While a court will not lightly embark upon examination of documents in respect of which privilege has been claimed to determine whether it has been properly claimed, it will do so if persuaded that reasonable grounds are made out to query whether privilege has been properly claimed. Reference need only be made to cases such as Dingwall v. Commonwealth of Australia and Crawford v. Bailey for illustrations as to circumstances where a sufficient identification of documents in respect of which privilege was claimed enabled the propriety of that claim to be tested. These were matters which Williams J obviously had in mind in Mansard Properties.
For the plaintiff in this case the question is raised as to whether the applicant/defendants have a right to seek to have a further affidavit claiming privilege made. The onus of course is on the plaintiff in this case to make out its claim for privilege. It has disclosed the existence of certain documents and has indicated that it declines to make disclosure of the contents of those documents. Unless it can show that prima facie its claim for privilege is properly made out the defendants can require production and/or seek an order for disclosure under O.35 r.14. Upon the making of such an application in my view the affidavit as to privilege challenged by the defendants in this case would be insufficient - at least with respect to folders "B" and "C" (referred to in para.2(ii) and 2(iii) of the affidavit) to support a claim for privilege and an order for disclosure might be made if no further steps were taken to support the claim. I infer that the material in respect of which a claim for privilege is made is relevant to the issues.
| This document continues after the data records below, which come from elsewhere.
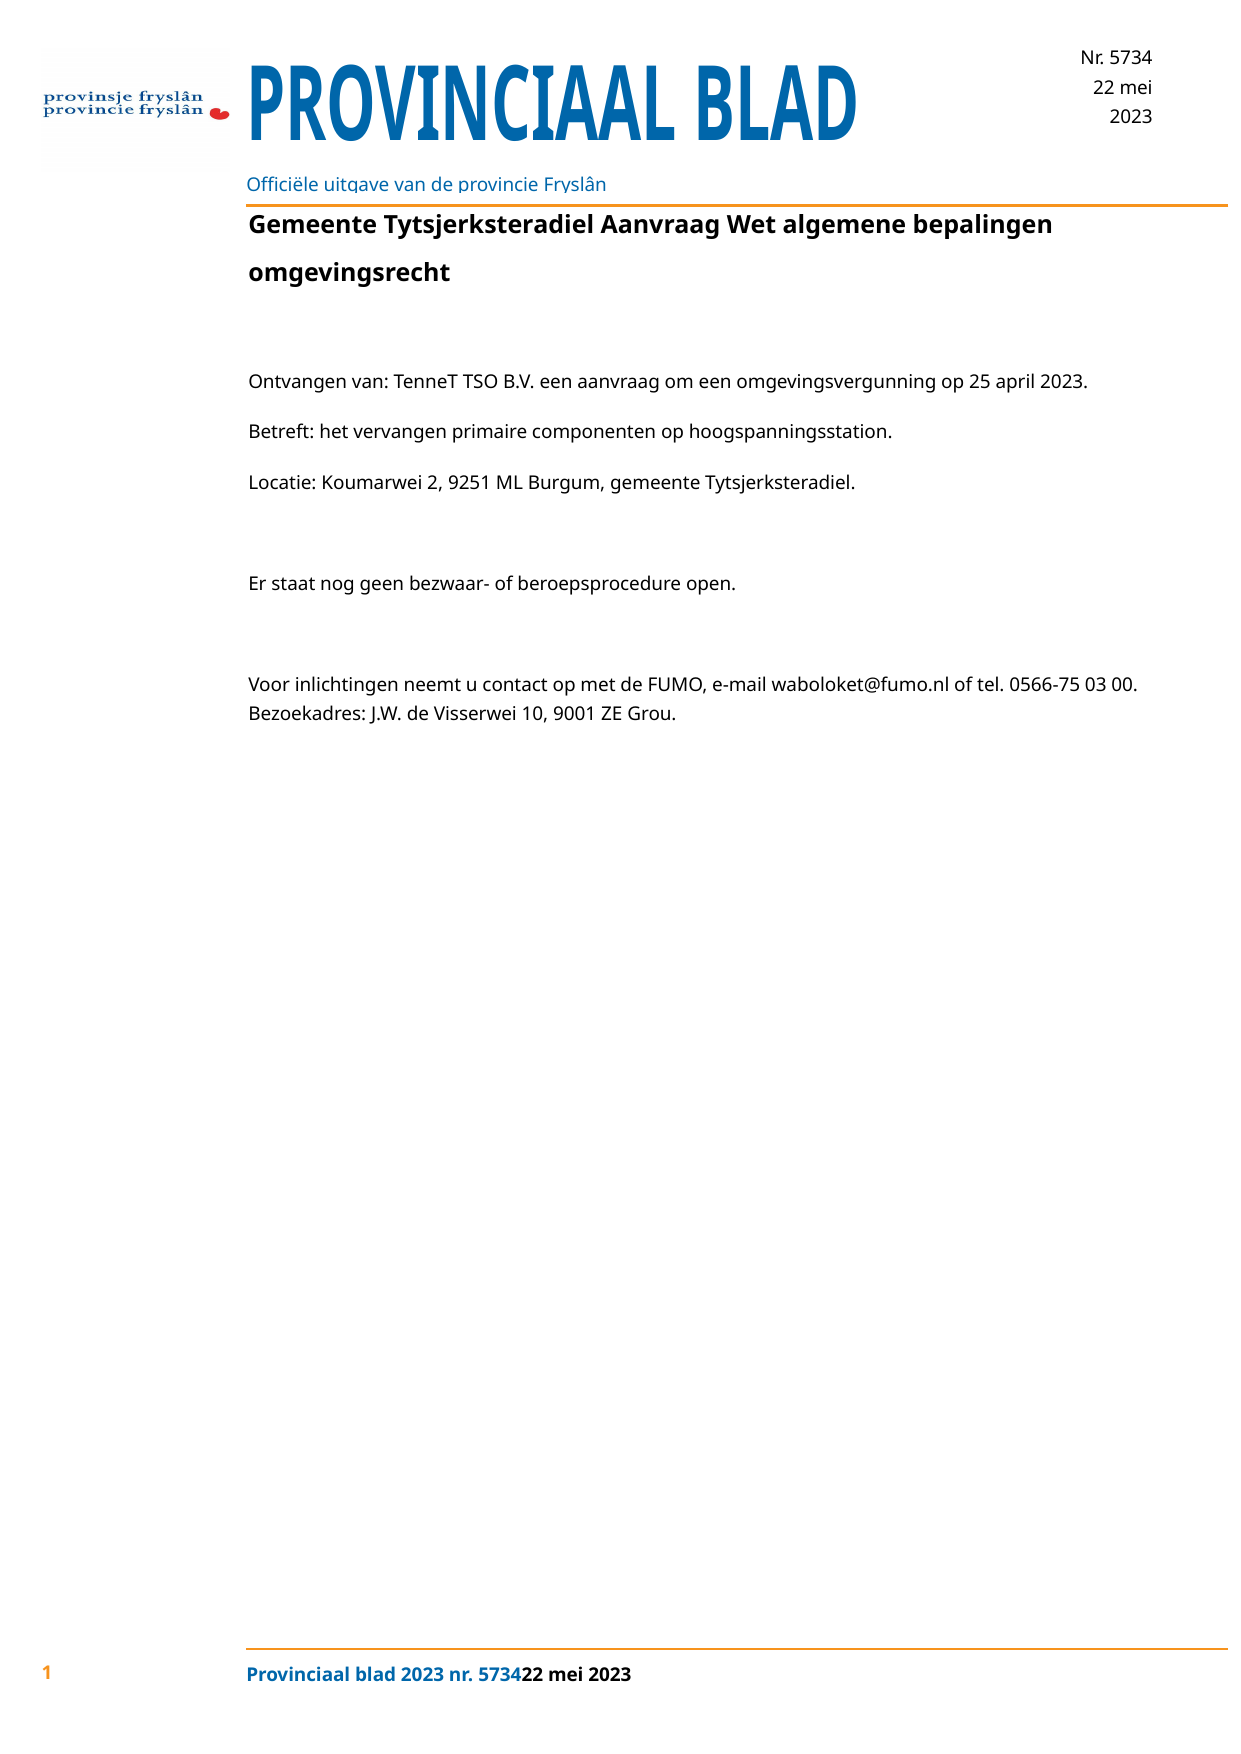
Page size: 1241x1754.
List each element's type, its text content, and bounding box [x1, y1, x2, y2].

text Voor inlichtingen neemt u contact op met de FUMO, e-mail waboloket@fumo.nl of tel. 0566-75 03 00. Bezoekadres: J.W. de Visserwei 10, 9001 ZE Grou. [248, 671, 1152, 726]
text Gemeente Tytsjerksteradiel Aanvraag Wet algemene bepalingen omgevingsrecht [248, 207, 1152, 288]
picture [41, 47, 231, 172]
text Er staat nog geen bezwaar- of beroepsprocedure open. [248, 570, 1152, 596]
text Locatie: Koumarwei 2, 9251 ML Burgum, gemeente Tytsjerksteradiel. [248, 469, 1152, 495]
text Ontvangen van: TenneT TSO B.V. een aanvraag om een omgevingsvergunning op 25 april 2023. [248, 368, 1152, 394]
text Betreft: het vervangen primaire componenten op hoogspanningsstation. [248, 419, 1152, 444]

In my view the applicant/defendants were justified in bringing the application to have determined the matters canvassed upon it which were argued at some length by the plaintiff.
The defendants at close of argument also sought an order that the plaintiff disclose to the defendants all that class of documents comprising instructions and documents provided to the plaintiff's valuer which had not already been disclosed. This presumably was based upon the claim in the summons for "such further or other order as made to the court may seem meet".
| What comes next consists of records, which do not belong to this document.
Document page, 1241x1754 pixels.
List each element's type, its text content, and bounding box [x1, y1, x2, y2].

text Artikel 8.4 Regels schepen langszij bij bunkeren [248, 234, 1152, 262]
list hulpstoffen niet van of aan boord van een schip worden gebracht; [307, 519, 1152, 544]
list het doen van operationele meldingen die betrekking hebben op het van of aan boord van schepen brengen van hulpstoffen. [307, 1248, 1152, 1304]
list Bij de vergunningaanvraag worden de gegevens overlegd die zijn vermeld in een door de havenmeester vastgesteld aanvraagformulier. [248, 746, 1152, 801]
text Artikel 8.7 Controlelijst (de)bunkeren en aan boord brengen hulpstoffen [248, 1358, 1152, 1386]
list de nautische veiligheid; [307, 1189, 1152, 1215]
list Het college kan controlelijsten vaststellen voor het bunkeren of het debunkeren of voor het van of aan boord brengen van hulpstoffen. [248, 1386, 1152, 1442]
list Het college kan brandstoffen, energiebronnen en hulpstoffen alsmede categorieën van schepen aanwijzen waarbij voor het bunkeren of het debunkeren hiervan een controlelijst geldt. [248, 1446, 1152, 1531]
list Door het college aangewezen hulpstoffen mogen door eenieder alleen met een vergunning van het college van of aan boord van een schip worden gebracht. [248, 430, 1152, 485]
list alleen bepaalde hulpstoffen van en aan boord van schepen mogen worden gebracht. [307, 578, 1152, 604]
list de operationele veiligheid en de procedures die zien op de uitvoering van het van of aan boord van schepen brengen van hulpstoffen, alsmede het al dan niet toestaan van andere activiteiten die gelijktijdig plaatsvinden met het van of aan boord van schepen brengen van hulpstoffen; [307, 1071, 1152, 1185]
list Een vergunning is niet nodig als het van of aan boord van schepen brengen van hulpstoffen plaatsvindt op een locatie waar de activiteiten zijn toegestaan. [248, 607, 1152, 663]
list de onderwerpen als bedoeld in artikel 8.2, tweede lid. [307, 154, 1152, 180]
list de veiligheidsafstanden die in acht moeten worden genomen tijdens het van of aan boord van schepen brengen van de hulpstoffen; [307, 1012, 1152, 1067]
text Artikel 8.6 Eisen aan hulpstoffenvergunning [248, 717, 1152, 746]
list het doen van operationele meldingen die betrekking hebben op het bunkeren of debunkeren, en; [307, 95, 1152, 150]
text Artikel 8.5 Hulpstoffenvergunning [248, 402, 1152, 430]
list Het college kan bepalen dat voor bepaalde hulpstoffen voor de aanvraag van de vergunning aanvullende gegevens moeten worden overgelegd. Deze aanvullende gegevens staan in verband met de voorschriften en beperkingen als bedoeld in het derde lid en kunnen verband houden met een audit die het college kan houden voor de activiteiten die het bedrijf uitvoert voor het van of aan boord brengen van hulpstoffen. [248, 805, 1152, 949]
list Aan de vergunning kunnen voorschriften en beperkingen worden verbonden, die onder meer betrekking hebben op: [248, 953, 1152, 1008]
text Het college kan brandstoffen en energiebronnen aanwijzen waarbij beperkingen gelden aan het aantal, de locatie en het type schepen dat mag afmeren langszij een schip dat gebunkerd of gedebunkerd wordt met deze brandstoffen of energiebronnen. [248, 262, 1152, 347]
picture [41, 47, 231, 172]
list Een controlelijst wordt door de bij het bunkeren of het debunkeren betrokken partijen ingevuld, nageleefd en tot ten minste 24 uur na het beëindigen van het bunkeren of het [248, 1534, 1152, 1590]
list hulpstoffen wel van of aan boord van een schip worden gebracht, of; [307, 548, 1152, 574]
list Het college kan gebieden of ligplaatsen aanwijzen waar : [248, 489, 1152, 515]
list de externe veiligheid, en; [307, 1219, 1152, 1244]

Although on the material there may be reason to suspect that there has not at this stage been full disclosure of such documents, I take the view that the likelihood is that if there has been such a non-disclosure it has probably been on the basis that they were thought to be privileged - perhaps overlooking the effect of O.35 r.5(2). This will emerge no doubt if a proper affidavit as to privilege is filed where the documents and correspondence involved is sufficiently described to enable this claim to be determined before the court.
In the exercise of my discretion I will not at this stage make such an order pending the filing of a further affidavit claiming privilege. An application for disclosure of non-privileged material generally touching on expert valuation reports may be made by any party to the action pursuant to O.35 r.14.
I therefore make an order granting the relief claimed in paras. (i) (ii) and (iii) of the summons filed on behalf of the third and fourth defendants on 13 February 1996. I give the applicants liberty to apply for further disclosure if so advised.
I order that the plaintiff pay to the third and fourth defendants their costs of an incidental to the application to be taxed.